[INFORMATION SHOWN Boundary: Start]
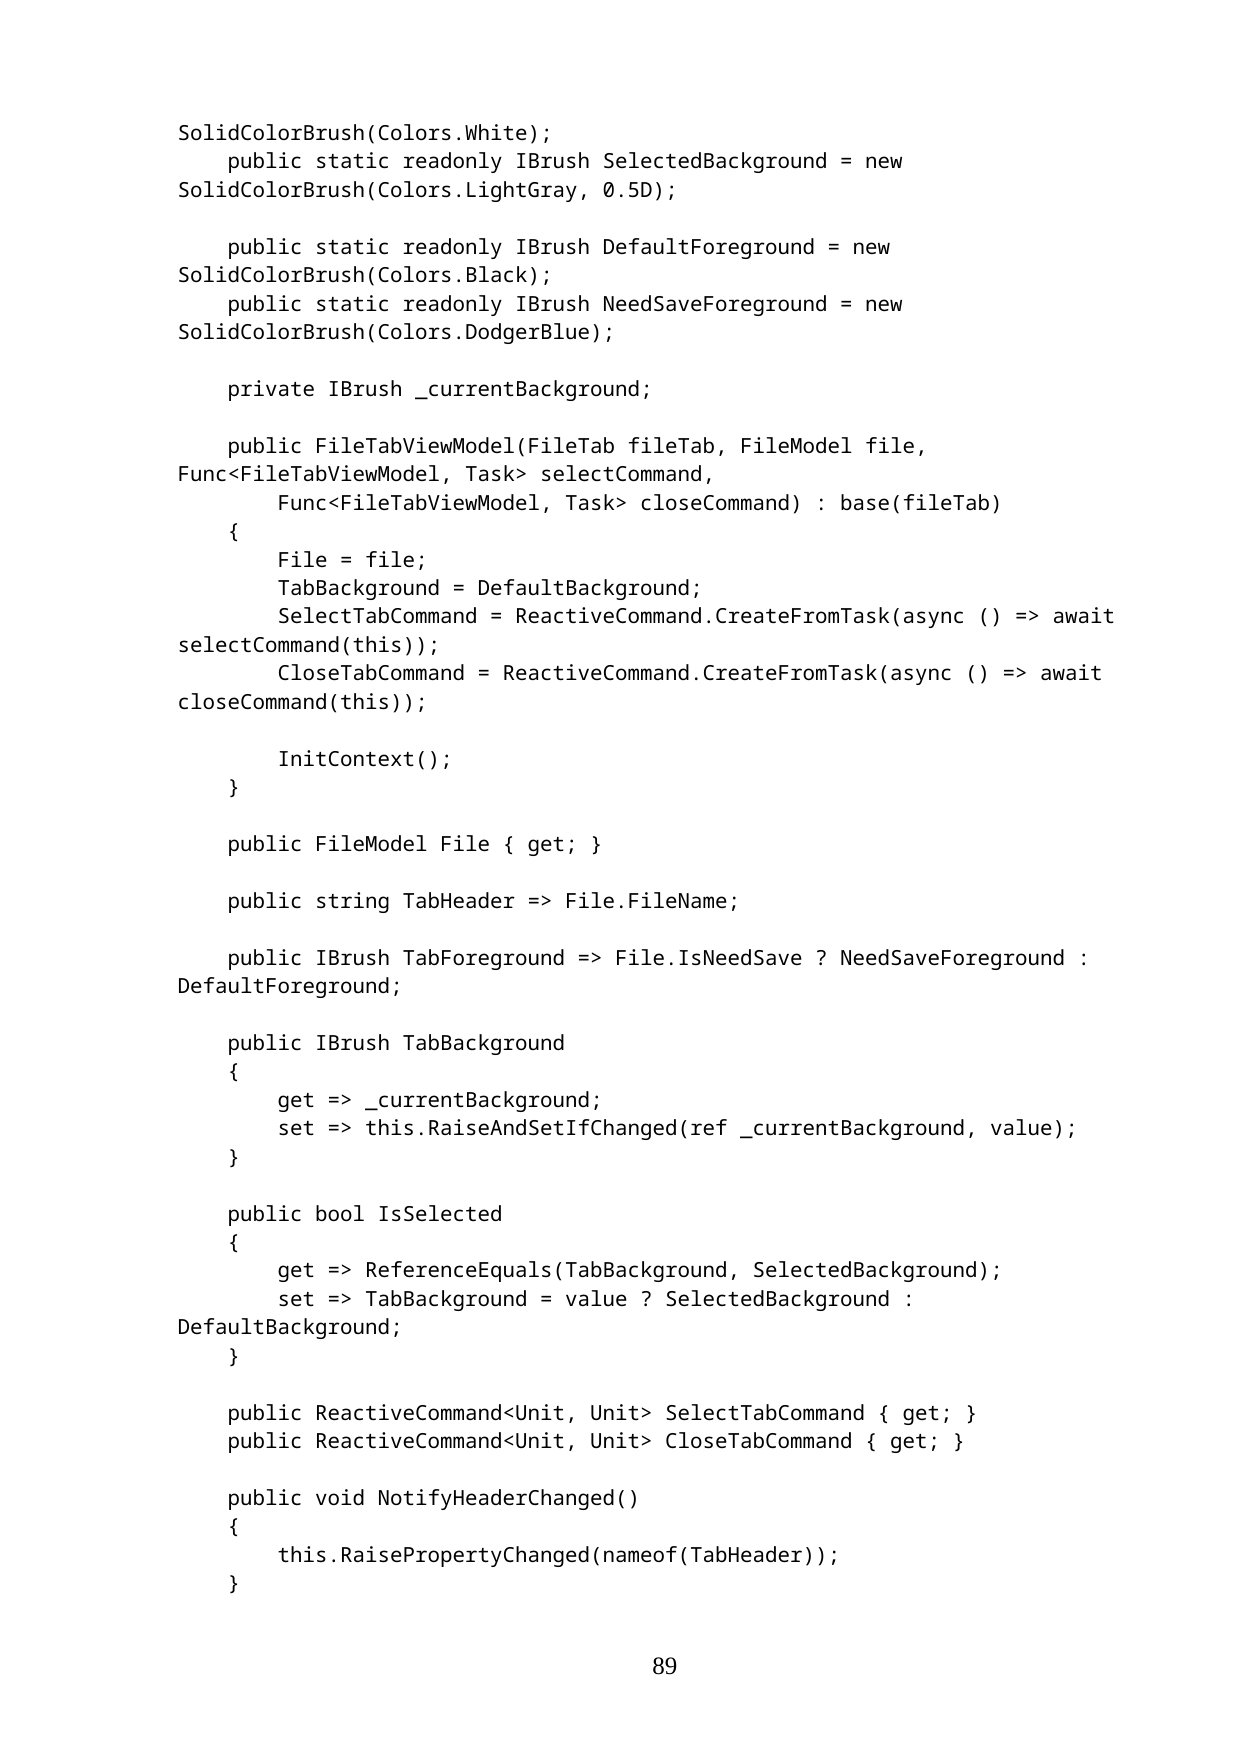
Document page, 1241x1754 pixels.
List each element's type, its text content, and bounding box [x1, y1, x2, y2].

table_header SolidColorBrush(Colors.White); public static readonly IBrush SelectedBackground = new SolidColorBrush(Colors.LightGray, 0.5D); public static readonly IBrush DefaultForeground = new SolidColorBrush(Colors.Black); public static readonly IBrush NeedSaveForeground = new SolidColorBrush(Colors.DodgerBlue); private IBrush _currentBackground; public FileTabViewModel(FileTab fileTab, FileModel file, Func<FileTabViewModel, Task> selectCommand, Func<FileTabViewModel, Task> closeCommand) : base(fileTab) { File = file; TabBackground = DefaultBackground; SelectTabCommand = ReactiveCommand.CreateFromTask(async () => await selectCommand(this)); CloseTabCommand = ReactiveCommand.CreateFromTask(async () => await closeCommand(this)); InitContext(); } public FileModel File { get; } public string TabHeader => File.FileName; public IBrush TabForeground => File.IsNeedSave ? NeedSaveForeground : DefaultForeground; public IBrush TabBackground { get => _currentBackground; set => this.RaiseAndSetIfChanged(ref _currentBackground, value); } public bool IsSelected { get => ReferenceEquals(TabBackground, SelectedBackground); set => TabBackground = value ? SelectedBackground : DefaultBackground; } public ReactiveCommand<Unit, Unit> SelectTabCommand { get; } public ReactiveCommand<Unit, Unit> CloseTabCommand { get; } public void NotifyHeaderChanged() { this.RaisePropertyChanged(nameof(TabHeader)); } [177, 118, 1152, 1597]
[INFORMATION SHOWN Boundary: End]
[INFORMATION SHOWN Boundary: Start]
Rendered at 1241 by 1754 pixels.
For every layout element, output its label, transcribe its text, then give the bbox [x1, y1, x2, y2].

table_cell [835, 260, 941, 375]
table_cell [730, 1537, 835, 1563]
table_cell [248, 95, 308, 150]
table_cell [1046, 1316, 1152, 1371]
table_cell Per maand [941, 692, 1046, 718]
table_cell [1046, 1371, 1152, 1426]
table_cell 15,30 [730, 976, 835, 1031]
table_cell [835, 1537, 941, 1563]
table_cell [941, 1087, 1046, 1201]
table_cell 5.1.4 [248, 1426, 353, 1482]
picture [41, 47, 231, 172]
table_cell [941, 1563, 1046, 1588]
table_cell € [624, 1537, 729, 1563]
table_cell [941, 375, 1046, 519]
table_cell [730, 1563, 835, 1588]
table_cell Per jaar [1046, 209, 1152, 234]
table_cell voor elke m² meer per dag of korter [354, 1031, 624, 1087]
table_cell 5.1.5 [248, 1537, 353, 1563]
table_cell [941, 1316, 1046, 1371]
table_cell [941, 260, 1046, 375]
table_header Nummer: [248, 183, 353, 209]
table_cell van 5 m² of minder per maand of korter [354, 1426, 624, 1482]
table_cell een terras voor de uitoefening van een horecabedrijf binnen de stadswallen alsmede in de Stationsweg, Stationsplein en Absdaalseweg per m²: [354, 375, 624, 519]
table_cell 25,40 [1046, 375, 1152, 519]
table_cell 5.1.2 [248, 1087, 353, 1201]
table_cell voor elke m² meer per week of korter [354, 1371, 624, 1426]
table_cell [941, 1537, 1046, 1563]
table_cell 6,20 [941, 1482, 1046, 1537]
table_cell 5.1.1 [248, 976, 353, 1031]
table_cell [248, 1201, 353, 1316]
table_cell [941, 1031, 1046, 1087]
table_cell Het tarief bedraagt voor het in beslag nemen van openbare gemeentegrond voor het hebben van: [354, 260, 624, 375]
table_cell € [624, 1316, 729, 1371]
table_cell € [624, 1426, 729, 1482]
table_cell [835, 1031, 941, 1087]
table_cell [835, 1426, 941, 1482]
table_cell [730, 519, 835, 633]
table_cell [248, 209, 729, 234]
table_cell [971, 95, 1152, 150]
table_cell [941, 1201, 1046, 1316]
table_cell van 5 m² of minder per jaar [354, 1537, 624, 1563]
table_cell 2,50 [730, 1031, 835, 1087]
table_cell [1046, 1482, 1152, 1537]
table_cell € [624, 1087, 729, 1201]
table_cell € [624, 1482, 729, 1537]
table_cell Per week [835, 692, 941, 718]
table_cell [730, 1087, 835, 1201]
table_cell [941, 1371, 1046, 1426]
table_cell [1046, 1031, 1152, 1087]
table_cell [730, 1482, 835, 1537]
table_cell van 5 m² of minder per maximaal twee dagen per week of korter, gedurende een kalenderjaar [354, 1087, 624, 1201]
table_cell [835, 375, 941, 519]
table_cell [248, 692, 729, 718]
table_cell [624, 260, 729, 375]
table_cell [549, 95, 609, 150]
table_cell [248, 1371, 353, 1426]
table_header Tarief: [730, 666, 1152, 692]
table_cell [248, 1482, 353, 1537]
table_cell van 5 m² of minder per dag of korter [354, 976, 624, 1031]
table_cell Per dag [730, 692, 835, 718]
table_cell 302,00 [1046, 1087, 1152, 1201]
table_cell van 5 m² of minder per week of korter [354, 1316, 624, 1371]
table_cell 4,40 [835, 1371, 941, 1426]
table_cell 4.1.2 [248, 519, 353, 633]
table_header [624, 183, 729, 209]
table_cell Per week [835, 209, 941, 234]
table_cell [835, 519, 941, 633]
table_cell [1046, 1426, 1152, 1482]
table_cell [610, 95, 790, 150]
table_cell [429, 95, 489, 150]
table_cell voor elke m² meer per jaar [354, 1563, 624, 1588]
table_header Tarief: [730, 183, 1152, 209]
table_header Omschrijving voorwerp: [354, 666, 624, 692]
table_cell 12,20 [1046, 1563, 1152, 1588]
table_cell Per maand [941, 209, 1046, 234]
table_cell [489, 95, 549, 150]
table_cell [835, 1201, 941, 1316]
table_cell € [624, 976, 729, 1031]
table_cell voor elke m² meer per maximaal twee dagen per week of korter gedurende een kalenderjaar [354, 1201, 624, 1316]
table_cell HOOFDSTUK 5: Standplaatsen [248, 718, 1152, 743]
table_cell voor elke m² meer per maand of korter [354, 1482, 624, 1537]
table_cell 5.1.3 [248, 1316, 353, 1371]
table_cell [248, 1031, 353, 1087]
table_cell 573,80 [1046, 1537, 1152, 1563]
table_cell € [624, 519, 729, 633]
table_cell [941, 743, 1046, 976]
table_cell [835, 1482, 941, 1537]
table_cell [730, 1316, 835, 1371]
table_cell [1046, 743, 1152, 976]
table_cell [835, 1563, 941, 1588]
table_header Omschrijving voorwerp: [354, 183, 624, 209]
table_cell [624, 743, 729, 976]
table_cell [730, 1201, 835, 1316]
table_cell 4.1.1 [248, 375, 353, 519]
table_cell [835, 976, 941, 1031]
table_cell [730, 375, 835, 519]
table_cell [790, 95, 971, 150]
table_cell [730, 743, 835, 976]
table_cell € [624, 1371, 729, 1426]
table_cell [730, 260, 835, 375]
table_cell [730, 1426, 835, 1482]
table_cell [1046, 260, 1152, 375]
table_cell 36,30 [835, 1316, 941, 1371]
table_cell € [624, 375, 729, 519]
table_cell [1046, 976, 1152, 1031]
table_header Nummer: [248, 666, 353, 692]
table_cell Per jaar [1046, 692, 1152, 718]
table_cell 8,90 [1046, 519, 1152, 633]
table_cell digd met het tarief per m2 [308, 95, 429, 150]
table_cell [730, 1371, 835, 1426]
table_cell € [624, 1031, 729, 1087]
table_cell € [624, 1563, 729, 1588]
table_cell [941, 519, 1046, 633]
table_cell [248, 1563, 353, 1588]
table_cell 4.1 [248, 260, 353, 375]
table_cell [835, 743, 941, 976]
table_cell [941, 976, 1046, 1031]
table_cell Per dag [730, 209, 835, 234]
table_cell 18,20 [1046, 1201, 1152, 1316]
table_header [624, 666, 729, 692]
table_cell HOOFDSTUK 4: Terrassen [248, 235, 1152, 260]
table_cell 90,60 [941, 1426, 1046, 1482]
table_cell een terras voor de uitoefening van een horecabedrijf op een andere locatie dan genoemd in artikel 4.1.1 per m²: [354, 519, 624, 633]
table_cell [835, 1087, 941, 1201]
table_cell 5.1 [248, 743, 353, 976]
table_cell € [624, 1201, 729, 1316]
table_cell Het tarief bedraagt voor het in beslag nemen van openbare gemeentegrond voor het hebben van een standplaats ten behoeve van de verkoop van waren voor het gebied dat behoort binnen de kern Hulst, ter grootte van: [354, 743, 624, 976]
[INFORMATION SHOWN Boundary: End]
WHAT IS BEING ASKED: Search the listing for the word "beslag", and copy every line in which it is found.

EXERCISE RESULT:
table_cell Het tarief bedraagt voor het in beslag nemen van openbare gemeentegrond voor het hebben van: [354, 260, 624, 375]
table_cell Het tarief bedraagt voor het in beslag nemen van openbare gemeentegrond voor het hebben van een standplaats ten behoeve van de verkoop van waren voor het gebied dat behoort binnen de kern Hulst, ter grootte van: [354, 743, 624, 976]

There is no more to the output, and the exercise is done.